Jane Peterson

American, 1876 - 1965

Overview

Jane Peterson was born in Elgin, Illinois on November 28, 1876. At the age of nineteen, she arrived in New York with more courage than pennies in her pocket to study at Brooklyn’s Pratt Institute and subsequently at the Art Students League of New York. Before she was thirty, she found the backing to make the all-important trip to Paris where the art scene offered dazzling samples of the movements then in vogue: Impressionism, Fauvism, Expressionism, and the advent of Cubism. Her eyes were opened wide by the daring compositions issuing from the studios of Picasso, Matisse, Leger, Braque, and Cezanne - an experience she later admitted was a bit overwhelming for a newcomer to the big stage of art.

Without doubt she gained from the exposure, all the while careful not to abandon what she felt was foremost to her own aesthetic vision. Refinement and a harmonious balance between shape and color were solid components of her style, one, nonetheless, that was fluid enough to allow an intelligent acceptance of the varied painting techniques she felt would expand her art. At one point in her artistic career she was linked with Maurice Prendergast. Prendergast and Peterson did share an attraction to outdoor scenes, an unerring sense of decorative design and a graphic use of color as linear pattern. Yet Peterson shied away from any ambiguous placement of forms or eccentric compositional structures, steering her own individual course between innovation and elegance.

Peterson traveled abroad extensively, exhibited often and married the wealthy American lawyer M. Barnard Philip who provided his artist-wife with a studio on the top floor of their home at 1007 Fifth Avenue, opposite the Metropolitan Museum of Art. The four years of their marriage (1925-1929) is the only period during which Peterson did not travel. Instead, her work was dominated by what she termed her “flower portraits,” bold and expressive still lifes that incorporated richly colored backgrounds. The decades of the thirties and forties, following Philip’s death, Peterson spent winters on the French Riviera or in Palm Beach, Florida, while summers most often found her at her estate in Ipswich, Massachusetts.

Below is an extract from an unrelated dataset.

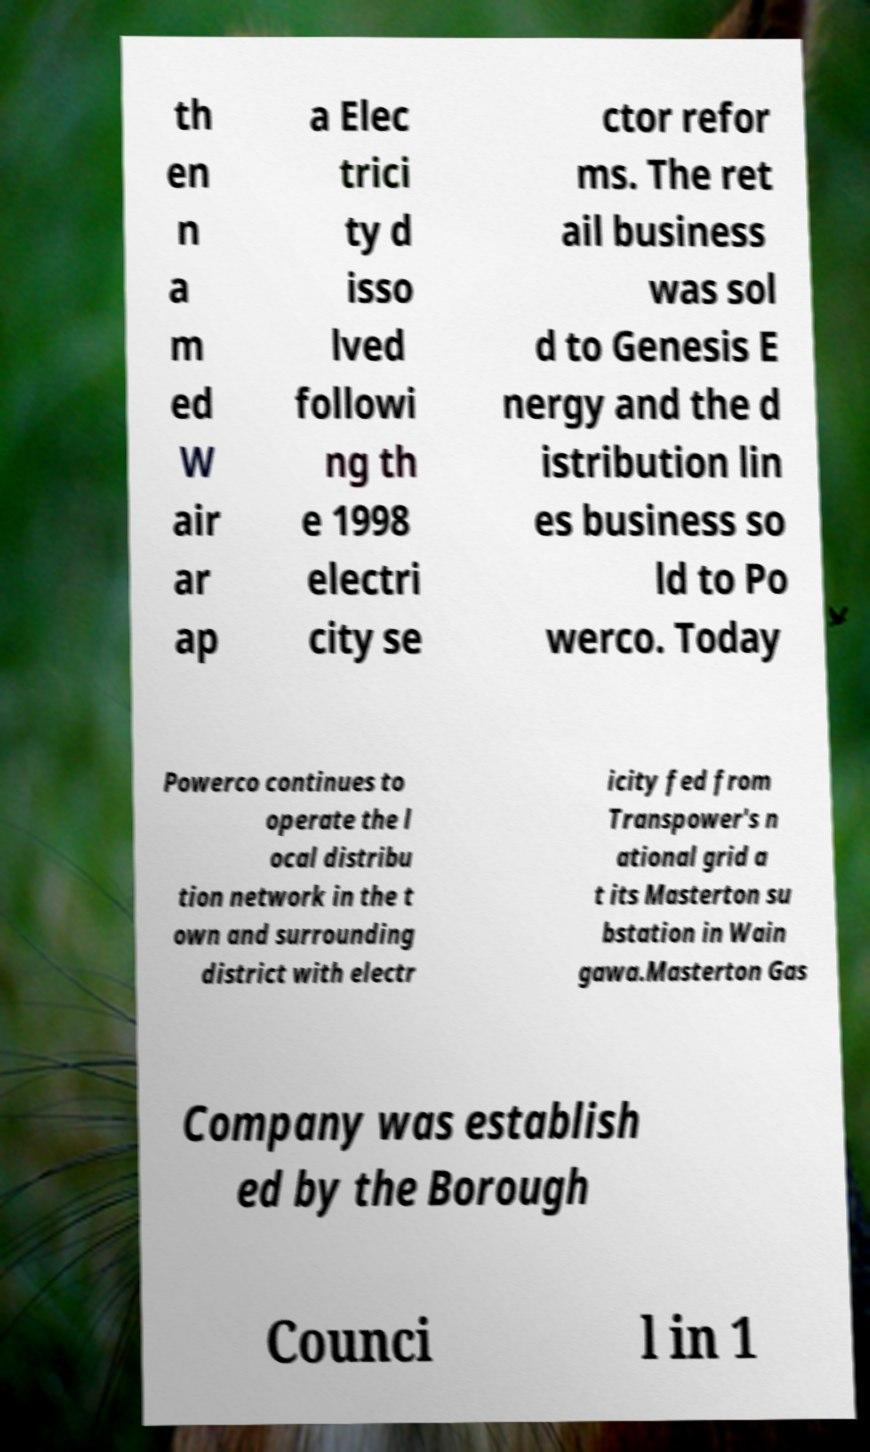Please identify and transcribe the text found in this image. th en n a m ed W air ar ap a Elec trici ty d isso lved followi ng th e 1998 electri city se ctor refor ms. The ret ail business was sol d to Genesis E nergy and the d istribution lin es business so ld to Po werco. Today Powerco continues to operate the l ocal distribu tion network in the t own and surrounding district with electr icity fed from Transpower's n ational grid a t its Masterton su bstation in Wain gawa.Masterton Gas Company was establish ed by the Borough Counci l in 1

In 1938, Peterson was named the “most outstanding individual of the year” by the American Historical Society for her artistic achievement. She was a member of the National Academy of Design, the American Water Color Society, the National Association of Women Painters and Sculptors, and the Allied Artists of America. She was also a trustee of the Metropolitan Museum of Art. Peterson died on August 14, 1965 in Kansas City, Missouri.